The exercise calls for exact output of the lines between the one that contains "Image width covers 60.1°." and the end of the data, with both ends kept and pictures left out.
──────── ENTRIES SHOWN ────────
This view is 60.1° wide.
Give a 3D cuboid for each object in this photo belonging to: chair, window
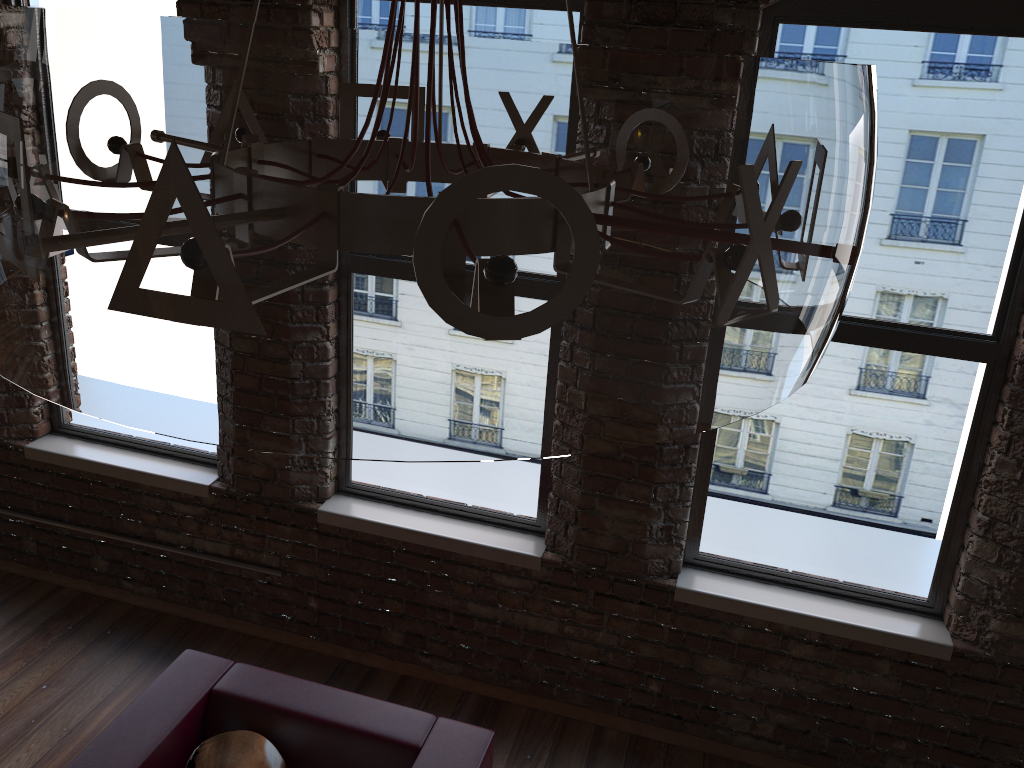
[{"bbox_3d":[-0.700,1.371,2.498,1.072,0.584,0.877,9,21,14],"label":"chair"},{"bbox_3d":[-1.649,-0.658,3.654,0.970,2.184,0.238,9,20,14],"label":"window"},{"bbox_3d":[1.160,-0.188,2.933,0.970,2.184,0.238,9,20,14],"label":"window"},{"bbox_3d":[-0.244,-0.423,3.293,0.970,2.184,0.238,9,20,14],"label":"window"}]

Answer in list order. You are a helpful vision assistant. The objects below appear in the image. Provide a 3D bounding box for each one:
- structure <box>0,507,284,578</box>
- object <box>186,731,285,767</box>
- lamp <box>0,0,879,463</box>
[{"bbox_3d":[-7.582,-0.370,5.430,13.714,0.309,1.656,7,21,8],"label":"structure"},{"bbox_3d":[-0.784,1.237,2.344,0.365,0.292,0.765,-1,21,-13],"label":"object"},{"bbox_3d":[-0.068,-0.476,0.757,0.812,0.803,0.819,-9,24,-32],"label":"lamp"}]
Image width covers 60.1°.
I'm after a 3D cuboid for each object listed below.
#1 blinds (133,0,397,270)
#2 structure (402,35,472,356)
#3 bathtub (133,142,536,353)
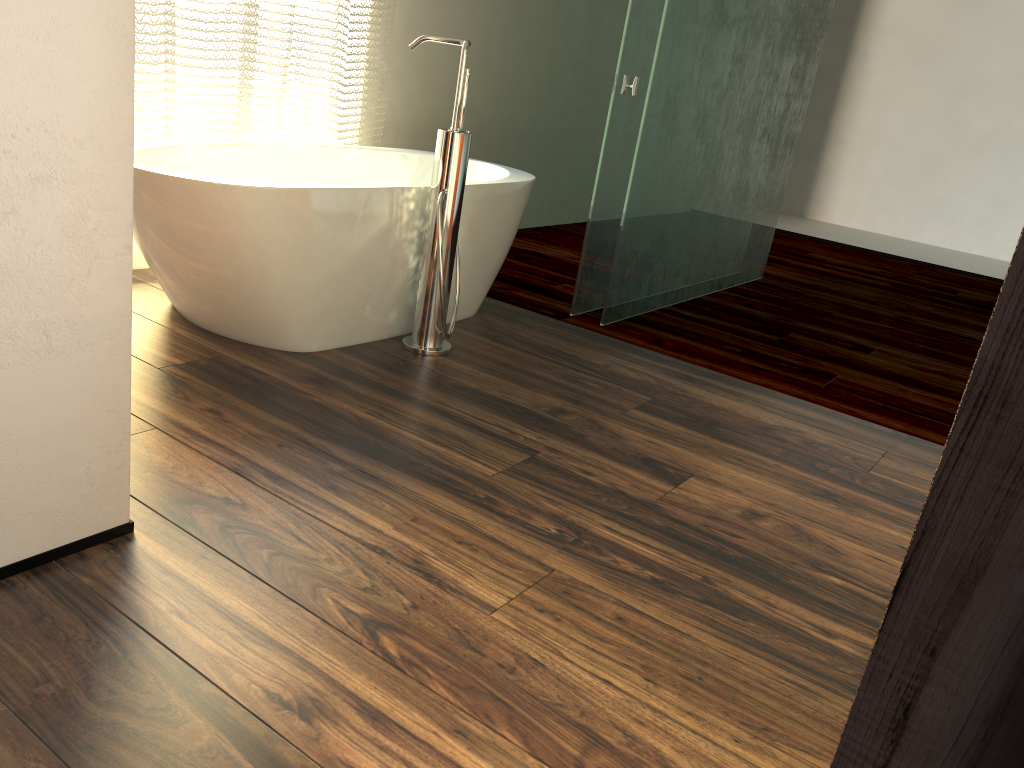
────────
> _SOLUTION FOR THIS PROBLEM_
Image width covers 60.1°.
I'm after a 3D cuboid for each object listed below.
#1 blinds (133,0,397,270)
#2 structure (402,35,472,356)
#3 bathtub (133,142,536,353)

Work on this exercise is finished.